■ TASK INSTRUCTIONS: Among the entries that follow, find the lines containing the string "list" and copy them.

■ Dataset entries:
________________

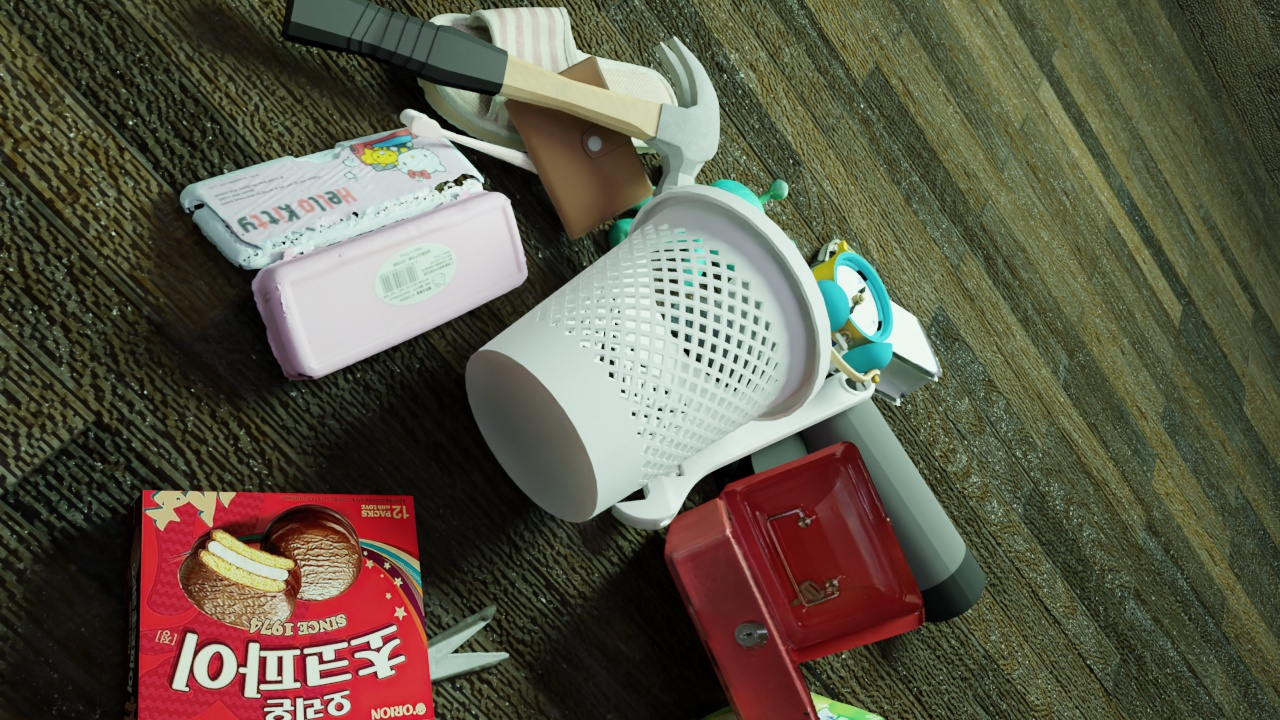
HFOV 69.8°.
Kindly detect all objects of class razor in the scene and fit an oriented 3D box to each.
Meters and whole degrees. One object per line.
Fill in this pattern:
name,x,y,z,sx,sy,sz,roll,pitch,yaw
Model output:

________________

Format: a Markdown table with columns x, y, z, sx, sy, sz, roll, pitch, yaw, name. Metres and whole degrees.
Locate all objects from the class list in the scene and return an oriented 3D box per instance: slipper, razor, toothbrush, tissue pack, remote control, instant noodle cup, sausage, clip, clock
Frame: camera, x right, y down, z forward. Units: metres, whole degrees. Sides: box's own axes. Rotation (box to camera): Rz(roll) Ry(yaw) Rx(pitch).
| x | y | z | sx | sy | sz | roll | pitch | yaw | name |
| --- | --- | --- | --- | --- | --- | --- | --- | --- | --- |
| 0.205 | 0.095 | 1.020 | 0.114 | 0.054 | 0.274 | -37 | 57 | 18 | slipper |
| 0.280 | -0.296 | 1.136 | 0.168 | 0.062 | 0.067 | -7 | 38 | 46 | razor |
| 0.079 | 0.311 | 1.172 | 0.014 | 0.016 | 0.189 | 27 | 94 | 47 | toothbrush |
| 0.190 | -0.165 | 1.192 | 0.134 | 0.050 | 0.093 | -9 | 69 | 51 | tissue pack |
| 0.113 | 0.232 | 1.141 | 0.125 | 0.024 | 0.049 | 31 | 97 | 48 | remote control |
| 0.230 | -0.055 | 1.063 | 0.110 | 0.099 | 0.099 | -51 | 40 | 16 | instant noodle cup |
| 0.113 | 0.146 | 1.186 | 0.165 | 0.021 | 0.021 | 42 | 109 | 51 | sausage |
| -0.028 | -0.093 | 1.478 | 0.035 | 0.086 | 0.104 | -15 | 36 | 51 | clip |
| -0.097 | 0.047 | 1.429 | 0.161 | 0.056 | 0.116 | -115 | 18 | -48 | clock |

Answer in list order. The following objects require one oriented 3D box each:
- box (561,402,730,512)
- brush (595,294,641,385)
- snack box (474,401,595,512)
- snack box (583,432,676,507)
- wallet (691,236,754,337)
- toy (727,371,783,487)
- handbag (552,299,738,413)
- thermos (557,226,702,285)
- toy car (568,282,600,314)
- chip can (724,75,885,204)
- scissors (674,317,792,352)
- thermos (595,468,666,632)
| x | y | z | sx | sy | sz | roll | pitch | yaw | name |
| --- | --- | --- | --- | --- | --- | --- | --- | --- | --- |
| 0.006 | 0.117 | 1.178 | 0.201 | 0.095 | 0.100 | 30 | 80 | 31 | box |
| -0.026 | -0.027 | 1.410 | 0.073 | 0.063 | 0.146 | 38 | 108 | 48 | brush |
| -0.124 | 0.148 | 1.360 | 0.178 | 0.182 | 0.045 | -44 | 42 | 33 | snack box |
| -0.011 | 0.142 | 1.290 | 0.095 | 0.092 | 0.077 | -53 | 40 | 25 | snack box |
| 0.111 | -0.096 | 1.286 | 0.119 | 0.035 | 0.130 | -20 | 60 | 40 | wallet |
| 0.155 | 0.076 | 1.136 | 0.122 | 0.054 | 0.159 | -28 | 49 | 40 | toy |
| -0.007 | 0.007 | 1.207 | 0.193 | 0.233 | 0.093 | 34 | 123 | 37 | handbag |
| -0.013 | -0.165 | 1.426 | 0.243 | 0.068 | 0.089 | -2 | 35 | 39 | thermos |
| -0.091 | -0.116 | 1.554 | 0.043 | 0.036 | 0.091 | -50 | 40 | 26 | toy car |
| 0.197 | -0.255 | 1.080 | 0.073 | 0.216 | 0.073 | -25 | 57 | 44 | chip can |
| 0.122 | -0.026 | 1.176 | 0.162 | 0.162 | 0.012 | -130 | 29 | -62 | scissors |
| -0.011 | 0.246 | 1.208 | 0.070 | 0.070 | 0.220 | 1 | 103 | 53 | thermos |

________________

■ RESULT:
Locate all objects from the class list in the scene and return an oriented 3D box per instance: slipper, razor, toothbrush, tissue pack, remote control, instant noodle cup, sausage, clip, clock
Answer in list order. The following objects require one oriented 3D box each:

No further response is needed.